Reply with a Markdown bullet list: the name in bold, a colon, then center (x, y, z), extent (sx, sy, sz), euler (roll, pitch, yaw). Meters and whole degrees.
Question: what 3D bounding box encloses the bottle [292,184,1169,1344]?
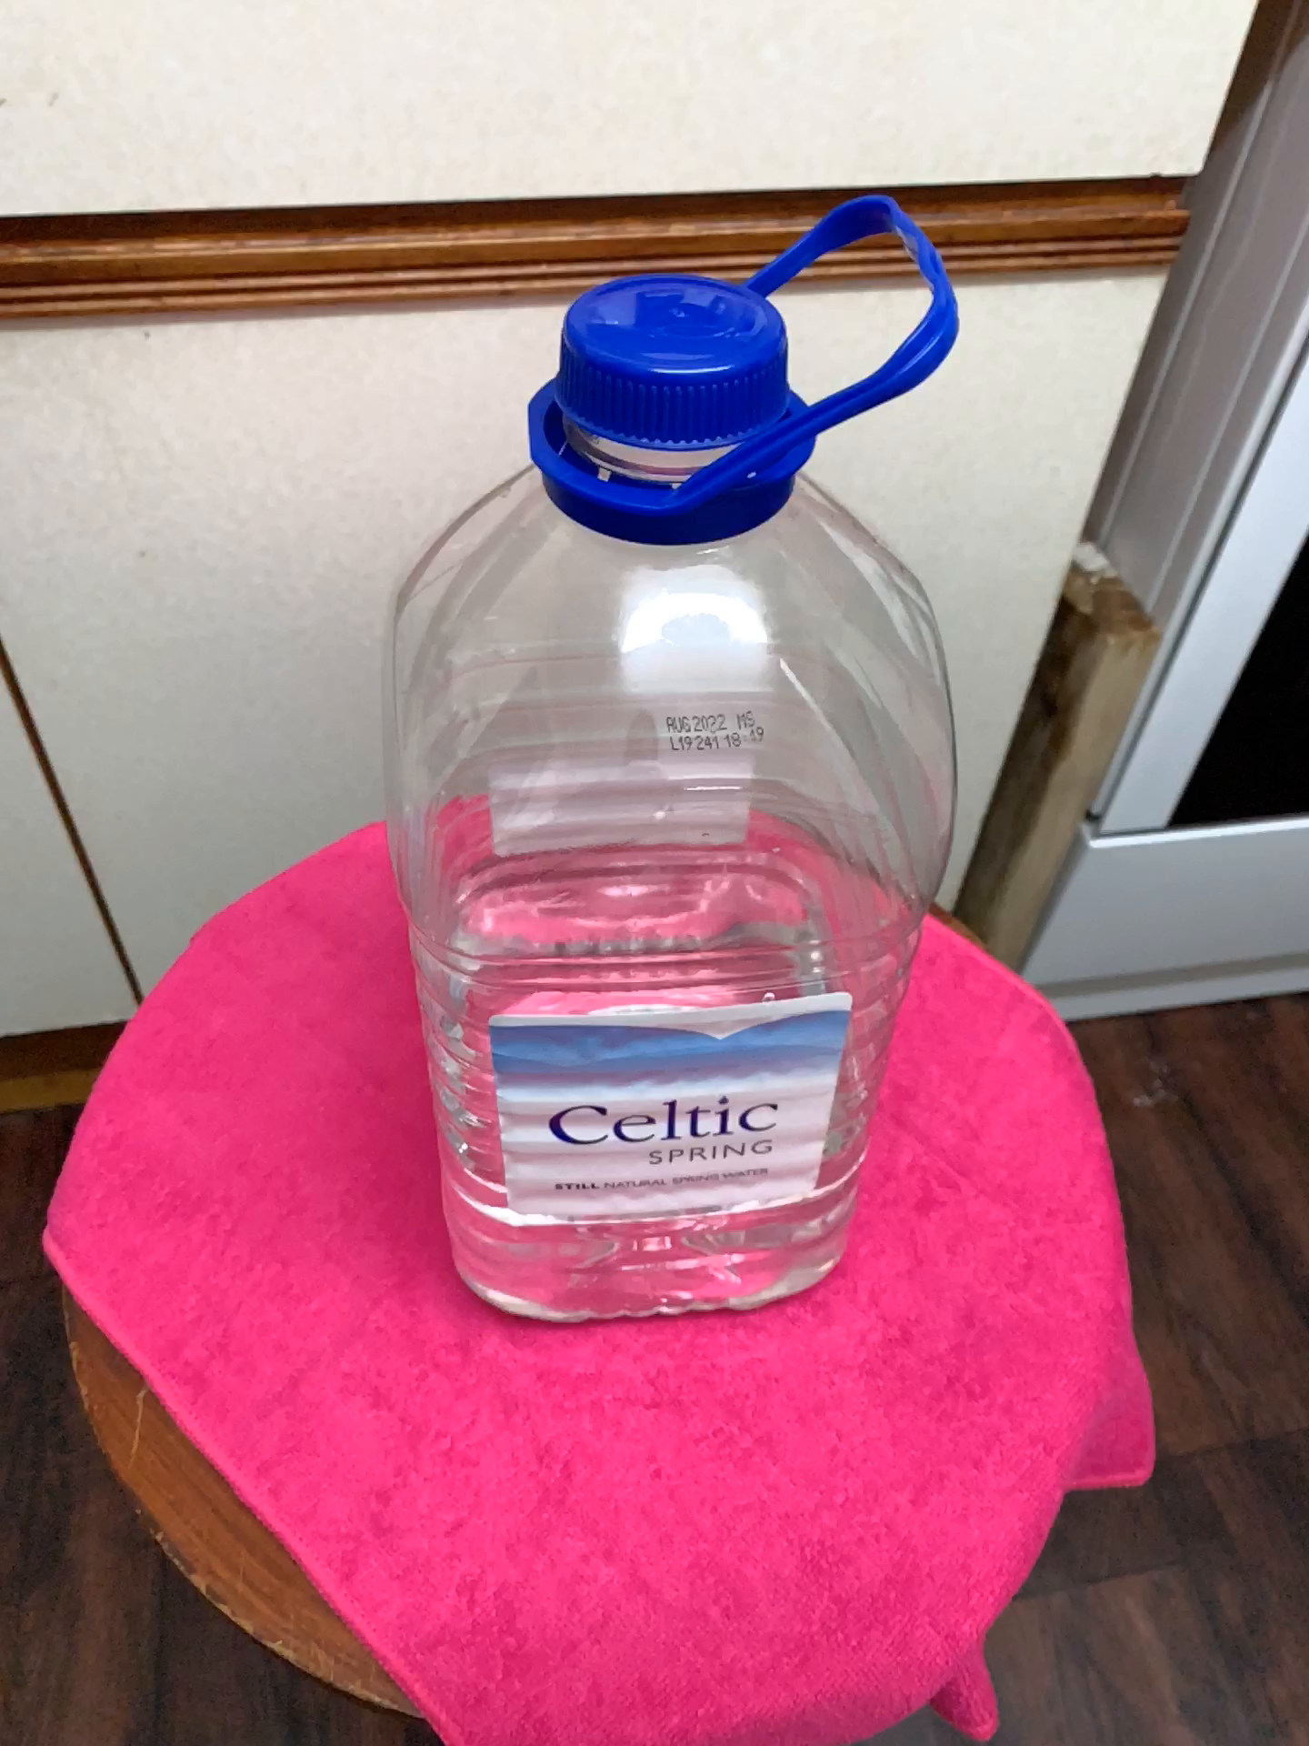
- **bottle**: center (0.001, -0.002, 0.398), extent (0.150, 0.327, 0.141), euler (2, 49, -2)

What is being asked
Write out the listing above exactly, images omitted.

Exercise answer
Reply with a Markdown bullet list: the name in bold, a colon, then center (x, y, z), extent (sx, sy, sz), euler (roll, pitch, yaw). Meters and whole degrees.
Question: what 3D bounding box encloses the bottle [292,184,1169,1344]?
- **bottle**: center (0.001, -0.002, 0.398), extent (0.150, 0.327, 0.141), euler (2, 49, -2)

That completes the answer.